GDC_Aliquot_ID: The GDC submitter ID for the aliquot collected from the sample
Start: Starting position of the segment
End: Ending position of the segment
Segment_Mean: This is equal to log2(copy-number/ 2) for the segment
Num_Probes: Legacy field from when segment files were derived from SNP 6.0 arrays. This has no significance for NGS-derived CNV data

AscatNGS (now deprecated at the GDC), originally developed by Raine et al (2016) (GitHub page), indicates the DNA copy number changes affecting a tumor genome when comparing to a matched normal sample. See below for a description of the copy number segment and copy number estimation files produced by AscatNGS:

GDC Aliquot: The GDC ID for the aliquot collected from the sample (copy number segment files only).

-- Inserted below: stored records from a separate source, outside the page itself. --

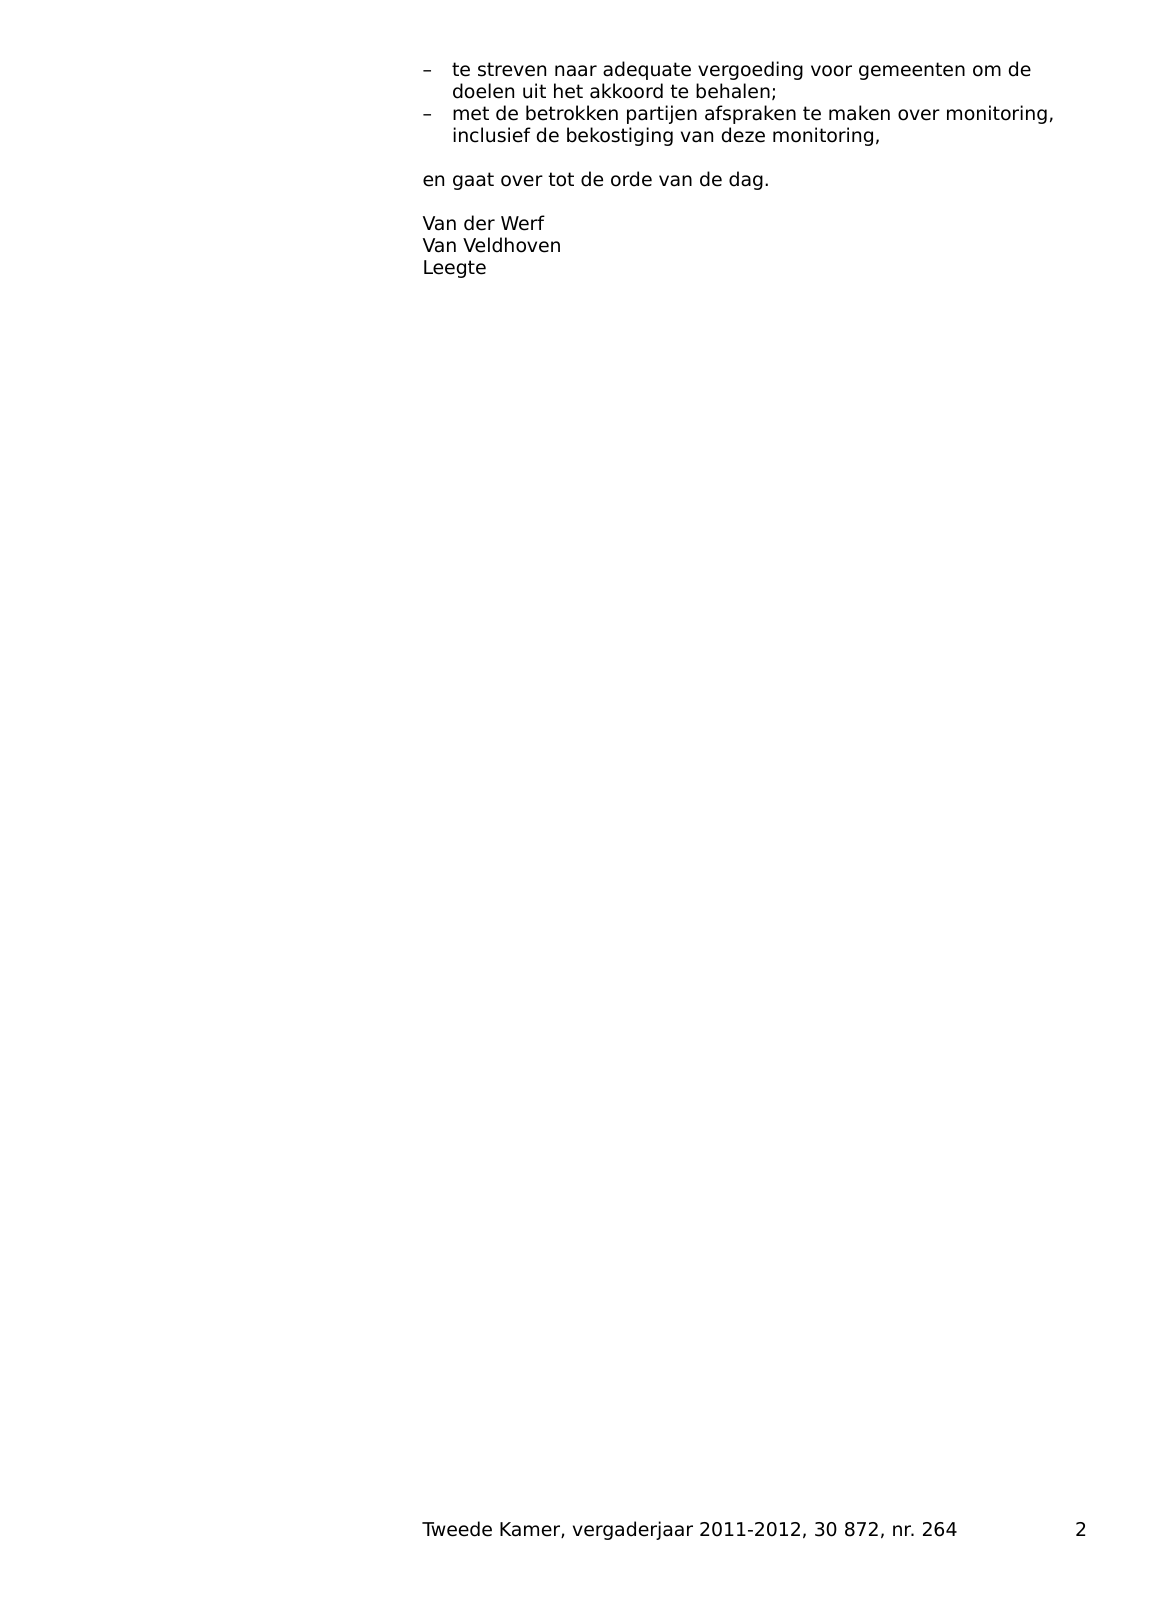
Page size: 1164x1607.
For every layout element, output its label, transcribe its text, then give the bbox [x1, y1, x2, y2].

text en gaat over tot de orde van de dag. [422, 169, 1087, 191]
text – te streven naar adequate vergoeding voor gemeenten om de doelen uit het akkoord te behalen; [422, 59, 1087, 103]
text – met de betrokken partijen afspraken te maken over monitoring, inclusief de bekostiging van deze monitoring, [422, 103, 1087, 147]
text Leegte [422, 257, 1087, 279]
text Van der Werf [422, 213, 1087, 235]
text Van Veldhoven [422, 235, 1087, 257]
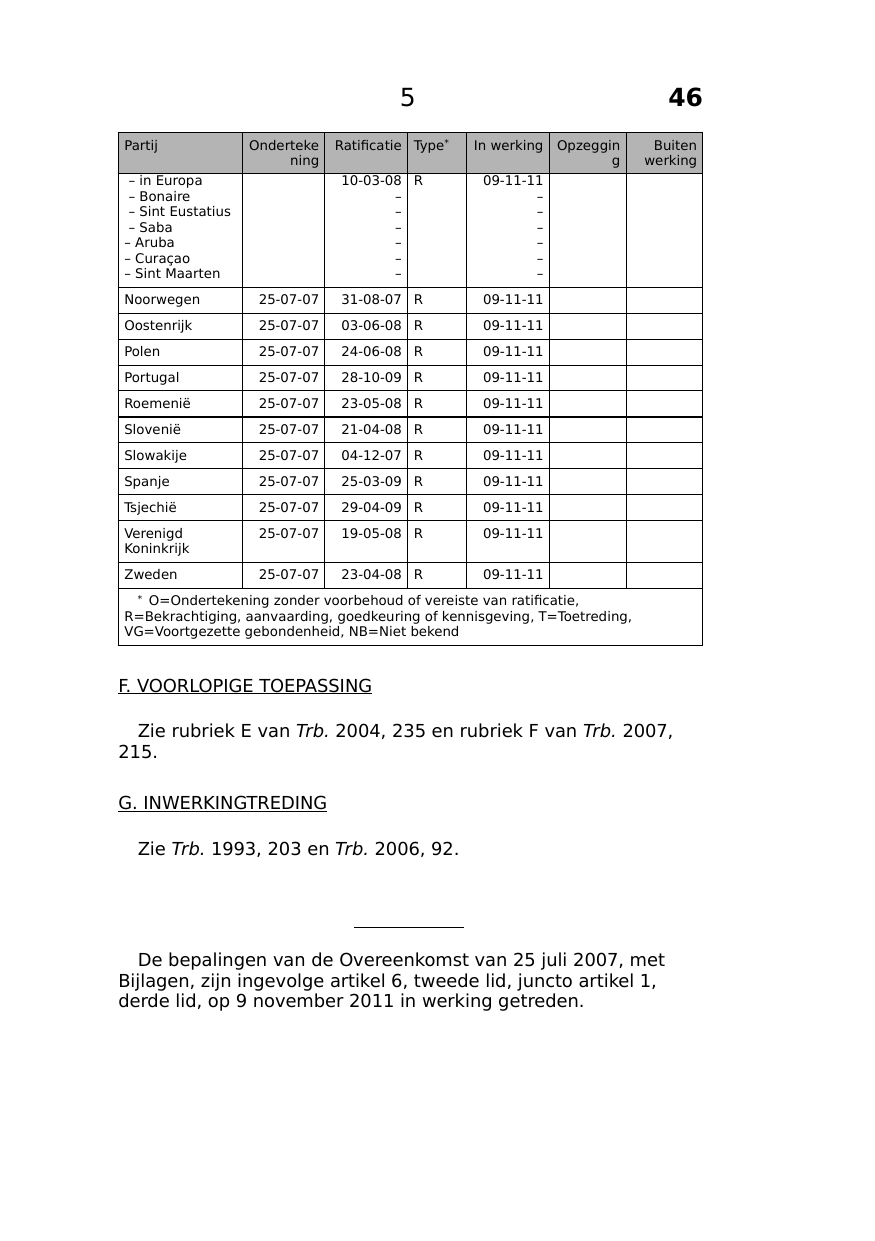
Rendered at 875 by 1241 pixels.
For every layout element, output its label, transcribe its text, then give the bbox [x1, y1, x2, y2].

table_cell – [325, 235, 407, 251]
table_cell 25-07-07 [243, 418, 324, 442]
table_cell – [467, 251, 549, 266]
table_cell Zweden [119, 563, 242, 587]
table_header Partij [119, 133, 242, 173]
table_cell [627, 340, 702, 364]
table_cell [408, 266, 466, 287]
table_cell [550, 251, 626, 266]
table_cell [627, 266, 702, 287]
table_cell [627, 189, 702, 204]
table_cell * O=Ondertekening zonder voorbehoud of vereiste van ratificatie, R=Bekrachtiging, aanvaarding, goedkeuring of kennisgeving, T=Toetreding, VG=Voortgezette gebondenheid, NB=Niet bekend [119, 589, 702, 644]
table_cell [550, 391, 626, 416]
table_cell [550, 469, 626, 494]
table_cell [550, 563, 626, 587]
table_cell [243, 266, 324, 287]
table_cell [550, 204, 626, 220]
table_cell 10-03-08 [325, 174, 407, 189]
table_cell [627, 418, 702, 442]
table_header Ondertekening [243, 133, 324, 173]
table_cell [243, 189, 324, 204]
table_cell – Aruba [119, 235, 242, 251]
table_cell – Bonaire [119, 189, 242, 204]
table_cell [627, 174, 702, 189]
table_cell – [467, 220, 549, 235]
table_cell [243, 251, 324, 266]
table_cell – [325, 266, 407, 287]
table_cell [243, 235, 324, 251]
table_cell 25-07-07 [243, 391, 324, 416]
text Zie Trb. 1993, 203 en Trb. 2006, 92. [118, 838, 703, 859]
table_cell 09-11-11 [467, 469, 549, 494]
table_cell Roemenië [119, 391, 242, 416]
table_cell 25-07-07 [243, 314, 324, 338]
table_cell 25-07-07 [243, 563, 324, 587]
table_cell R [408, 288, 466, 313]
table_cell [243, 174, 324, 189]
table_cell 09-11-11 [467, 288, 549, 313]
table_cell R [408, 521, 466, 562]
table_cell – [467, 266, 549, 287]
table_cell – [325, 189, 407, 204]
table_cell 29-04-09 [325, 495, 407, 520]
table_cell 09-11-11 [467, 443, 549, 468]
table_cell R [408, 418, 466, 442]
table_cell [627, 204, 702, 220]
table_cell 25-07-07 [243, 366, 324, 390]
text Zie rubriek E van Trb. 2004, 235 en rubriek F van Trb. 2007, 215. [118, 721, 703, 763]
table_cell [627, 288, 702, 313]
table_cell [550, 521, 626, 562]
table_cell 03-06-08 [325, 314, 407, 338]
table_header In werking [467, 133, 549, 173]
table_cell R [408, 443, 466, 468]
table_cell R [408, 563, 466, 587]
table_cell [550, 235, 626, 251]
table_cell – [325, 220, 407, 235]
table_cell 09-11-11 [467, 366, 549, 390]
table_cell [627, 563, 702, 587]
table_cell [408, 251, 466, 266]
table_cell 09-11-11 [467, 391, 549, 416]
table_cell 25-03-09 [325, 469, 407, 494]
table_cell R [408, 366, 466, 390]
table_cell Portugal [119, 366, 242, 390]
table_cell 25-07-07 [243, 521, 324, 562]
table_cell [627, 366, 702, 390]
table_cell Noorwegen [119, 288, 242, 313]
table_cell – in Europa [119, 174, 242, 189]
table_cell [408, 204, 466, 220]
table_cell [550, 189, 626, 204]
table_cell R [408, 314, 466, 338]
table_cell – Sint Maarten [119, 266, 242, 287]
table_cell 25-07-07 [243, 340, 324, 364]
table_header Type* [408, 133, 466, 173]
table_cell 21-04-08 [325, 418, 407, 442]
table_cell R [408, 340, 466, 364]
table_cell 28-10-09 [325, 366, 407, 390]
table_cell 09-11-11 [467, 314, 549, 338]
table_cell [243, 204, 324, 220]
table_cell [408, 189, 466, 204]
table_header Opzegging [550, 133, 626, 173]
table_cell [627, 220, 702, 235]
table_cell – [467, 204, 549, 220]
table_cell [408, 235, 466, 251]
text De bepalingen van de Overeenkomst van 25 juli 2007, met Bijlagen, zijn ingevolge artikel 6, tweede lid, juncto artikel 1, derde lid, op 9 november 2011 in werking getreden. [118, 950, 703, 1012]
table_cell – [325, 204, 407, 220]
table_cell Verenigd Koninkrijk [119, 521, 242, 562]
table_cell [550, 495, 626, 520]
table_cell [550, 418, 626, 442]
table_cell 24-06-08 [325, 340, 407, 364]
table_cell [627, 469, 702, 494]
table_cell R [408, 391, 466, 416]
table_cell 31-08-07 [325, 288, 407, 313]
subtitle F. VOORLOPIGE TOEPASSING [118, 676, 703, 696]
table_cell – Saba [119, 220, 242, 235]
table_cell R [408, 174, 466, 189]
table_cell 09-11-11 [467, 521, 549, 562]
table_header Ratificatie [325, 133, 407, 173]
table_cell [550, 174, 626, 189]
table_cell R [408, 495, 466, 520]
table_header Buiten werking [627, 133, 702, 173]
table_cell 09-11-11 [467, 174, 549, 189]
table_cell 25-07-07 [243, 288, 324, 313]
table_cell 09-11-11 [467, 418, 549, 442]
table_cell [550, 314, 626, 338]
table_cell Tsjechië [119, 495, 242, 520]
table_cell 09-11-11 [467, 495, 549, 520]
table_cell Polen [119, 340, 242, 364]
table_cell – Sint Eustatius [119, 204, 242, 220]
table_cell [550, 220, 626, 235]
table_cell 09-11-11 [467, 563, 549, 587]
table_cell [627, 495, 702, 520]
table_cell [627, 235, 702, 251]
table_cell 25-07-07 [243, 443, 324, 468]
table_cell [408, 220, 466, 235]
table_cell [627, 391, 702, 416]
table_cell [627, 521, 702, 562]
table_cell – Curaçao [119, 251, 242, 266]
table_cell [550, 340, 626, 364]
table_cell [627, 251, 702, 266]
table_cell [627, 443, 702, 468]
table_cell Spanje [119, 469, 242, 494]
table_cell Slovenië [119, 418, 242, 442]
table_cell – [325, 251, 407, 266]
table_cell [550, 366, 626, 390]
table_cell 23-05-08 [325, 391, 407, 416]
table_cell [550, 266, 626, 287]
table_cell 23-04-08 [325, 563, 407, 587]
subtitle G. INWERKINGTREDING [118, 793, 703, 813]
table_cell [243, 220, 324, 235]
table_cell [550, 443, 626, 468]
table_cell 19-05-08 [325, 521, 407, 562]
table_cell Oostenrijk [119, 314, 242, 338]
table_cell 25-07-07 [243, 495, 324, 520]
table_cell [627, 314, 702, 338]
table_cell Slowakije [119, 443, 242, 468]
table_cell 04-12-07 [325, 443, 407, 468]
table_cell 09-11-11 [467, 340, 549, 364]
table_cell [550, 288, 626, 313]
table_cell R [408, 469, 466, 494]
table_cell – [467, 235, 549, 251]
table_cell 25-07-07 [243, 469, 324, 494]
table_cell – [467, 189, 549, 204]
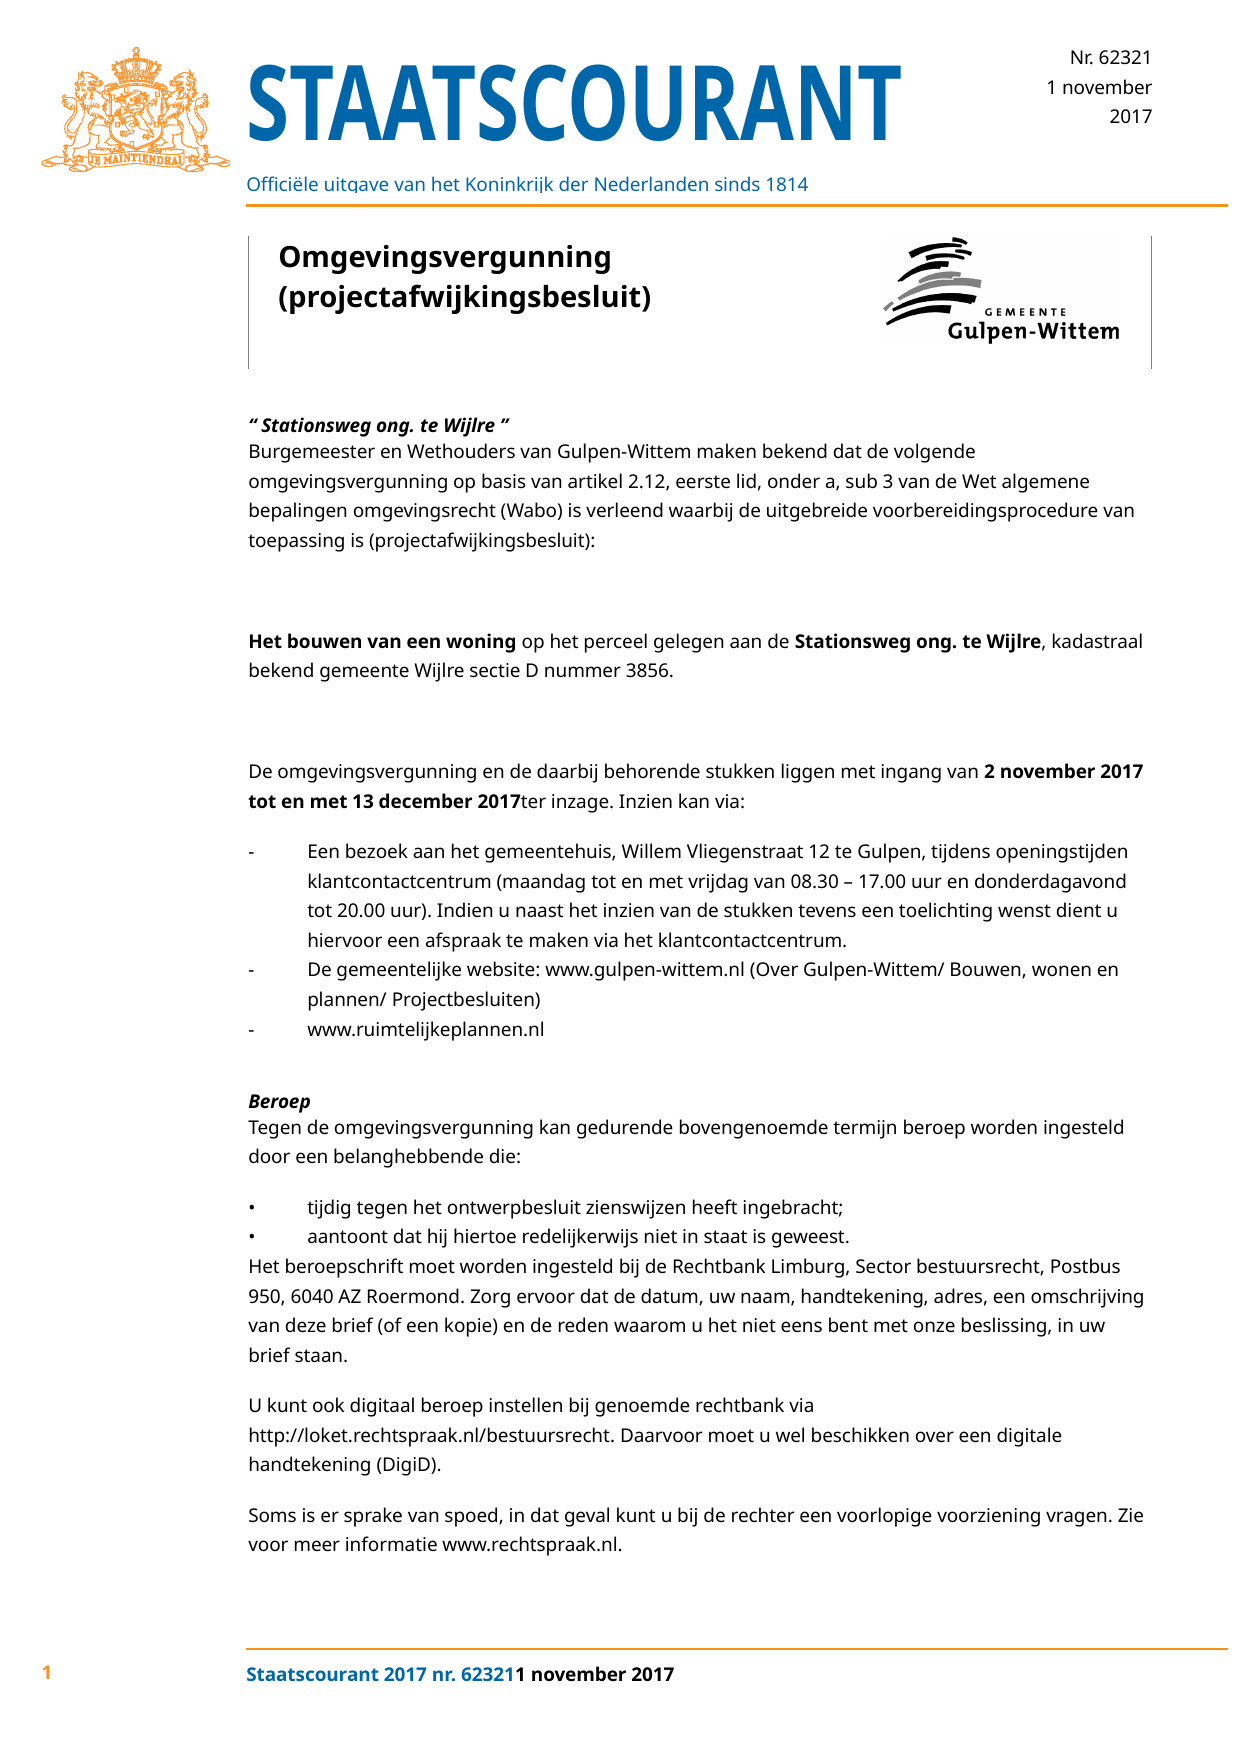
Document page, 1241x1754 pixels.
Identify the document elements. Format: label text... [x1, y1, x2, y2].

picture [41, 47, 231, 172]
list aantoont dat hij hiertoe redelijkerwijs niet in staat is geweest. [248, 1224, 1152, 1249]
list www.ruimtelijkeplannen.nl [248, 1016, 1152, 1041]
text Beroep [248, 1088, 1152, 1114]
text U kunt ook digitaal beroep instellen bij genoemde rechtbank via http://loket.rechtspraak.nl/bestuursrecht. Daarvoor moet u wel beschikken over een digitale handtekening (DigiD). [248, 1392, 1152, 1477]
table_header Omgevingsvergunning (projectafwijkingsbesluit) [249, 236, 850, 369]
text Het bouwen van een woning op het perceel gelegen aan de Stationsweg ong. te Wijlre, kadastraal bekend gemeente Wijlre sectie D nummer 3856. [248, 628, 1152, 683]
text Soms is er sprake van spoed, in dat geval kunt u bij de rechter een voorlopige voorziening vragen. Zie voor meer informatie www.rechtspraak.nl. [248, 1502, 1152, 1557]
list tijdig tegen het ontwerpbesluit zienswijzen heeft ingebracht; [248, 1194, 1152, 1220]
picture [882, 236, 1119, 344]
text Tegen de omgevingsvergunning kan gedurende bovengenoemde termijn beroep worden ingesteld door een belanghebbende die: [248, 1114, 1152, 1169]
list De gemeentelijke website: www.gulpen-wittem.nl (Over Gulpen-Wittem/ Bouwen, wonen en plannen/ Projectbesluiten) [248, 957, 1152, 1012]
text Burgemeester en Wethouders van Gulpen-Wittem maken bekend dat de volgende omgevingsvergunning op basis van artikel 2.12, eerste lid, onder a, sub 3 van de Wet algemene bepalingen omgevingsrecht (Wabo) is verleend waarbij de uitgebreide voorbereidingsprocedure van toepassing is (projectafwijkingsbesluit): [248, 438, 1152, 553]
table_header [850, 236, 1151, 369]
text De omgevingsvergunning en de daarbij behorende stukken liggen met ingang van 2 november 2017 tot en met 13 december 2017ter inzage. Inzien kan via: [248, 758, 1152, 813]
text Het beroepschrift moet worden ingesteld bij de Rechtbank Limburg, Sector bestuursrecht, Postbus 950, 6040 AZ Roermond. Zorg ervoor dat de datum, uw naam, handtekening, adres, een omschrijving van deze brief (of een kopie) en de reden waarom u het niet eens bent met onze beslissing, in uw brief staan. [248, 1253, 1152, 1368]
text “ Stationsweg ong. te Wijlre ” [248, 412, 1152, 438]
list Een bezoek aan het gemeentehuis, Willem Vliegenstraat 12 te Gulpen, tijdens openingstijden klantcontactcentrum (maandag tot en met vrijdag van 08.30 – 17.00 uur en donderdagavond tot 20.00 uur). Indien u naast het inzien van de stukken tevens een toelichting wenst dient u hiervoor een afspraak te maken via het klantcontactcentrum. [248, 838, 1152, 953]

Gene ID: The gene ENSEMBL ID (copy number variant only).
Gene Name: The gene symbol (copy number variant only).
Chromosome: The name of the chromosome on which the copy number change exists.
Start: The starting position of the copy.
End: The ending position of the copy.
Copy Number: The weighted median of the strand copy numbers [9].
Major Copy Number: The greater strand copy number of the two strands of the DNA (copy number segment files only).
Minor Copy number: The smaller strand copy number of the two strands of the DNA (copy number segment files only).
Max. Copy number: The highest copy number for overlapped segment (copy number variant only).
Min. Copy number: The lowest copy number for overlapped segment (copy number variant only).